--- Input records ---
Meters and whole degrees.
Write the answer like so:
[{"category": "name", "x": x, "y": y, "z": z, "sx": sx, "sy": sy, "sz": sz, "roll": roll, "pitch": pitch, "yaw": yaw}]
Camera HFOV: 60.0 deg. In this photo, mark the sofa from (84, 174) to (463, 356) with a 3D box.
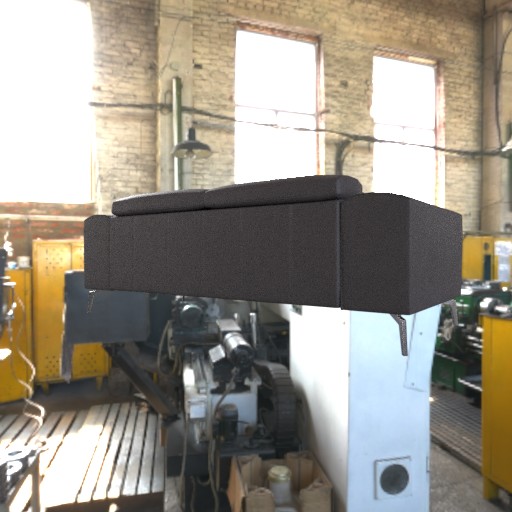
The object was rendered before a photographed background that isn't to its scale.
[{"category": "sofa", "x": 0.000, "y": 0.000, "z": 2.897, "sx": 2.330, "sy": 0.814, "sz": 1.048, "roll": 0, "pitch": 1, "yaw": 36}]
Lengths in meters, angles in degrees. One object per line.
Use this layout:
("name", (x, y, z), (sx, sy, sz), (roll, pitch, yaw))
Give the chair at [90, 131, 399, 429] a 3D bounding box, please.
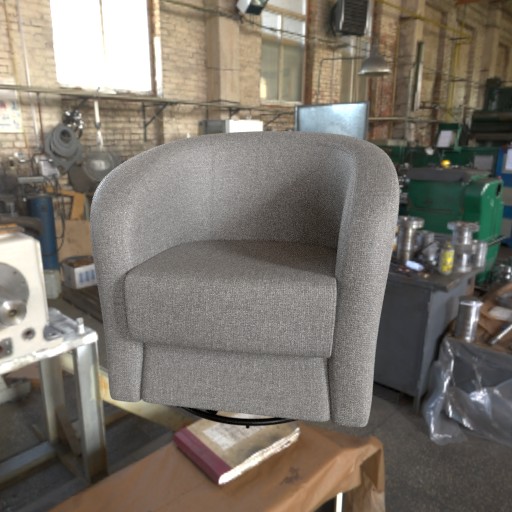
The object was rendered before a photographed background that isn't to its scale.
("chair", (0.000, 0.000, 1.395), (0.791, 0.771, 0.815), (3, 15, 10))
---
Exercise requirements: Retype, word for word, the line containing "Give the chair" and each line after it through the end of the data, leaving any picture out.

Written reply:
Give the chair at [90, 131, 399, 429] a 3D bounding box, please.
The object was rendered before a photographed background that isn't to its scale.
("chair", (0.000, 0.000, 1.395), (0.791, 0.771, 0.815), (3, 15, 10))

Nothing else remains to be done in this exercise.